> YOUR INSTRUCTIONS
Copy all records precisely, apart from the pictures.
EXTRACTED MATERIAL: Begin
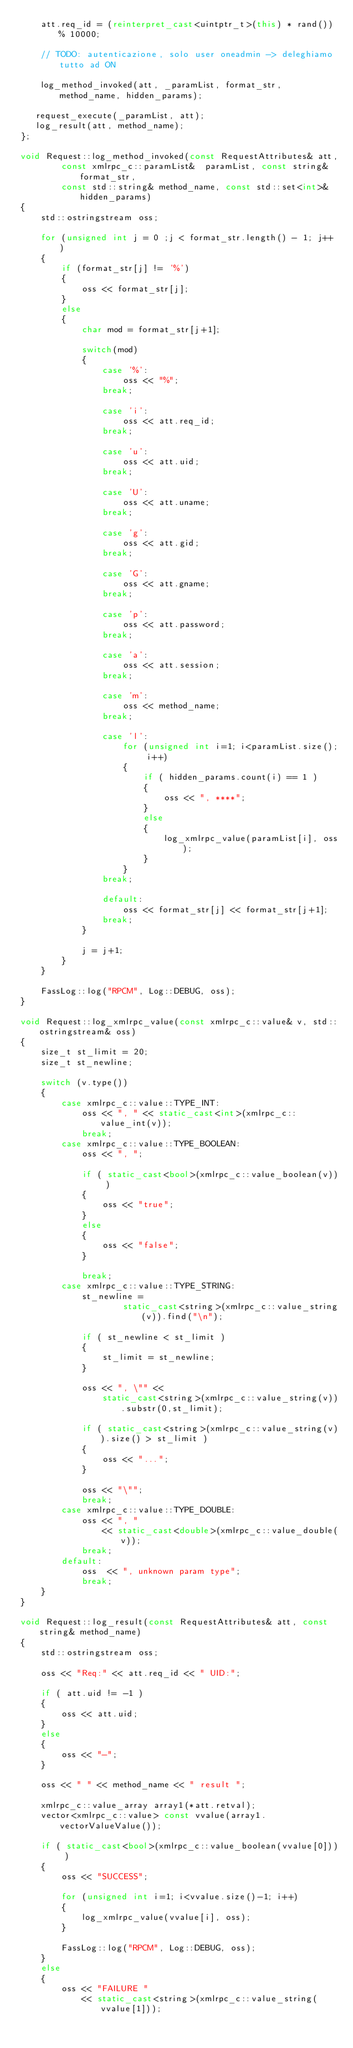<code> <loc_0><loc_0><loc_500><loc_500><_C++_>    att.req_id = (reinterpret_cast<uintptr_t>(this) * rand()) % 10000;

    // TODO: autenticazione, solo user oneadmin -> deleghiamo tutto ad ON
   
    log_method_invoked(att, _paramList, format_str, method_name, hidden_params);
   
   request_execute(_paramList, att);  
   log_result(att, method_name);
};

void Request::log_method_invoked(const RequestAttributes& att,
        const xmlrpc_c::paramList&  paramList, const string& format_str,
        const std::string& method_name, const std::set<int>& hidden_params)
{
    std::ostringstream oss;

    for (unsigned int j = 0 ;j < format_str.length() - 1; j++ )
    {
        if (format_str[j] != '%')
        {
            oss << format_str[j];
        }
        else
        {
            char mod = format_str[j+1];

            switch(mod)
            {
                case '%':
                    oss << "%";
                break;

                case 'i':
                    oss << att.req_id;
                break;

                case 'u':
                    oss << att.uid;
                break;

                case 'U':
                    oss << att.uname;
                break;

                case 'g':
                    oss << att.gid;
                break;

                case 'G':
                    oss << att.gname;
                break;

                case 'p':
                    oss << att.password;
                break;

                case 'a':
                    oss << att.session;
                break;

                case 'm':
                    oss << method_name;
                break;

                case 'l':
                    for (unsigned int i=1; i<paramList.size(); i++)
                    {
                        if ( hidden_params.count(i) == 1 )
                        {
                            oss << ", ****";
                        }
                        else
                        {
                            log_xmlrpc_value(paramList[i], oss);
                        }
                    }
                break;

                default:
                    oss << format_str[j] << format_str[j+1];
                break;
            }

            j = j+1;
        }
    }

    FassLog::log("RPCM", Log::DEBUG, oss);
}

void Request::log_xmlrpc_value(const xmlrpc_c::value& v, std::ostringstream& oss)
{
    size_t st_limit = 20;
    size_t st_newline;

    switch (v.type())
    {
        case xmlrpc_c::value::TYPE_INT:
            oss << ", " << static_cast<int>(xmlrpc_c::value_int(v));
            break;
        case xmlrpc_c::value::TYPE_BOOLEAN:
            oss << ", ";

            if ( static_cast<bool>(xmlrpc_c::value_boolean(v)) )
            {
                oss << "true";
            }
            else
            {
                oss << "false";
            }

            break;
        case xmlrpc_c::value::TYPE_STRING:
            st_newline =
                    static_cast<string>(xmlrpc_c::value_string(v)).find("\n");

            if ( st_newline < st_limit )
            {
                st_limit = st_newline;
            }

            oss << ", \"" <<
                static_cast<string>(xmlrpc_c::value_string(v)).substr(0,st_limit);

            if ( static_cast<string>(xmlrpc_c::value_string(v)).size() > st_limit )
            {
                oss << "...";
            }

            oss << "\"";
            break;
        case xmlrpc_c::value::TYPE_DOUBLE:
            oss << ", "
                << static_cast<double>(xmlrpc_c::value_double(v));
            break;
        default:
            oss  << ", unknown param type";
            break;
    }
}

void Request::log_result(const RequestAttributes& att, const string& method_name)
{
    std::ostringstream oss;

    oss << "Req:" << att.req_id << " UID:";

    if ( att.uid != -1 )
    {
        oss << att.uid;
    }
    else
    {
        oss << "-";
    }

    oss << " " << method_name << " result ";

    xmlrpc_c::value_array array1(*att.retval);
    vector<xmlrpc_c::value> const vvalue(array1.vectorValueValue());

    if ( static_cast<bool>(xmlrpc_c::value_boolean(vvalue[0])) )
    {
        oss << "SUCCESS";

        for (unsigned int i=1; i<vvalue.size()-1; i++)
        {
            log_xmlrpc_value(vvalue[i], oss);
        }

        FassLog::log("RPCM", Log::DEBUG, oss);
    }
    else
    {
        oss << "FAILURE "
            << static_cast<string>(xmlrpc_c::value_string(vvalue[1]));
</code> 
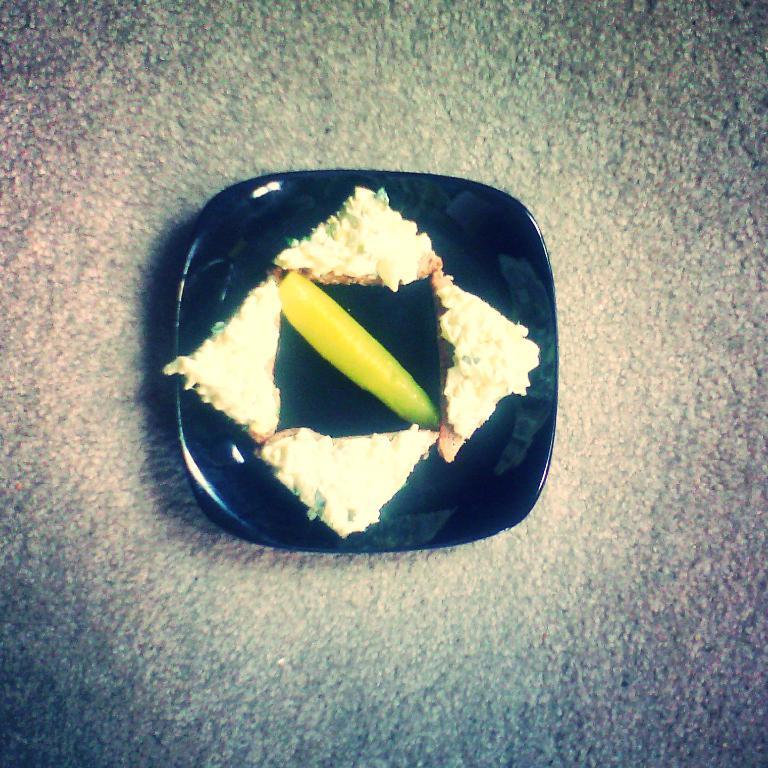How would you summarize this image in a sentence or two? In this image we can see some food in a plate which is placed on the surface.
EXTRACTED MATERIAL: End
> YOUR SOLUTION
<code> <loc_0><loc_0><loc_500><loc_500><_C++_>    att.req_id = (reinterpret_cast<uintptr_t>(this) * rand()) % 10000;

    // TODO: autenticazione, solo user oneadmin -> deleghiamo tutto ad ON
   
    log_method_invoked(att, _paramList, format_str, method_name, hidden_params);
   
   request_execute(_paramList, att);  
   log_result(att, method_name);
};

void Request::log_method_invoked(const RequestAttributes& att,
        const xmlrpc_c::paramList&  paramList, const string& format_str,
        const std::string& method_name, const std::set<int>& hidden_params)
{
    std::ostringstream oss;

    for (unsigned int j = 0 ;j < format_str.length() - 1; j++ )
    {
        if (format_str[j] != '%')
        {
            oss << format_str[j];
        }
        else
        {
            char mod = format_str[j+1];

            switch(mod)
            {
                case '%':
                    oss << "%";
                break;

                case 'i':
                    oss << att.req_id;
                break;

                case 'u':
                    oss << att.uid;
                break;

                case 'U':
                    oss << att.uname;
                break;

                case 'g':
                    oss << att.gid;
                break;

                case 'G':
                    oss << att.gname;
                break;

                case 'p':
                    oss << att.password;
                break;

                case 'a':
                    oss << att.session;
                break;

                case 'm':
                    oss << method_name;
                break;

                case 'l':
                    for (unsigned int i=1; i<paramList.size(); i++)
                    {
                        if ( hidden_params.count(i) == 1 )
                        {
                            oss << ", ****";
                        }
                        else
                        {
                            log_xmlrpc_value(paramList[i], oss);
                        }
                    }
                break;

                default:
                    oss << format_str[j] << format_str[j+1];
                break;
            }

            j = j+1;
        }
    }

    FassLog::log("RPCM", Log::DEBUG, oss);
}

void Request::log_xmlrpc_value(const xmlrpc_c::value& v, std::ostringstream& oss)
{
    size_t st_limit = 20;
    size_t st_newline;

    switch (v.type())
    {
        case xmlrpc_c::value::TYPE_INT:
            oss << ", " << static_cast<int>(xmlrpc_c::value_int(v));
            break;
        case xmlrpc_c::value::TYPE_BOOLEAN:
            oss << ", ";

            if ( static_cast<bool>(xmlrpc_c::value_boolean(v)) )
            {
                oss << "true";
            }
            else
            {
                oss << "false";
            }

            break;
        case xmlrpc_c::value::TYPE_STRING:
            st_newline =
                    static_cast<string>(xmlrpc_c::value_string(v)).find("\n");

            if ( st_newline < st_limit )
            {
                st_limit = st_newline;
            }

            oss << ", \"" <<
                static_cast<string>(xmlrpc_c::value_string(v)).substr(0,st_limit);

            if ( static_cast<string>(xmlrpc_c::value_string(v)).size() > st_limit )
            {
                oss << "...";
            }

            oss << "\"";
            break;
        case xmlrpc_c::value::TYPE_DOUBLE:
            oss << ", "
                << static_cast<double>(xmlrpc_c::value_double(v));
            break;
        default:
            oss  << ", unknown param type";
            break;
    }
}

void Request::log_result(const RequestAttributes& att, const string& method_name)
{
    std::ostringstream oss;

    oss << "Req:" << att.req_id << " UID:";

    if ( att.uid != -1 )
    {
        oss << att.uid;
    }
    else
    {
        oss << "-";
    }

    oss << " " << method_name << " result ";

    xmlrpc_c::value_array array1(*att.retval);
    vector<xmlrpc_c::value> const vvalue(array1.vectorValueValue());

    if ( static_cast<bool>(xmlrpc_c::value_boolean(vvalue[0])) )
    {
        oss << "SUCCESS";

        for (unsigned int i=1; i<vvalue.size()-1; i++)
        {
            log_xmlrpc_value(vvalue[i], oss);
        }

        FassLog::log("RPCM", Log::DEBUG, oss);
    }
    else
    {
        oss << "FAILURE "
            << static_cast<string>(xmlrpc_c::value_string(vvalue[1]));
</code> 
How would you summarize this image in a sentence or two? In this image we can see some food in a plate which is placed on the surface.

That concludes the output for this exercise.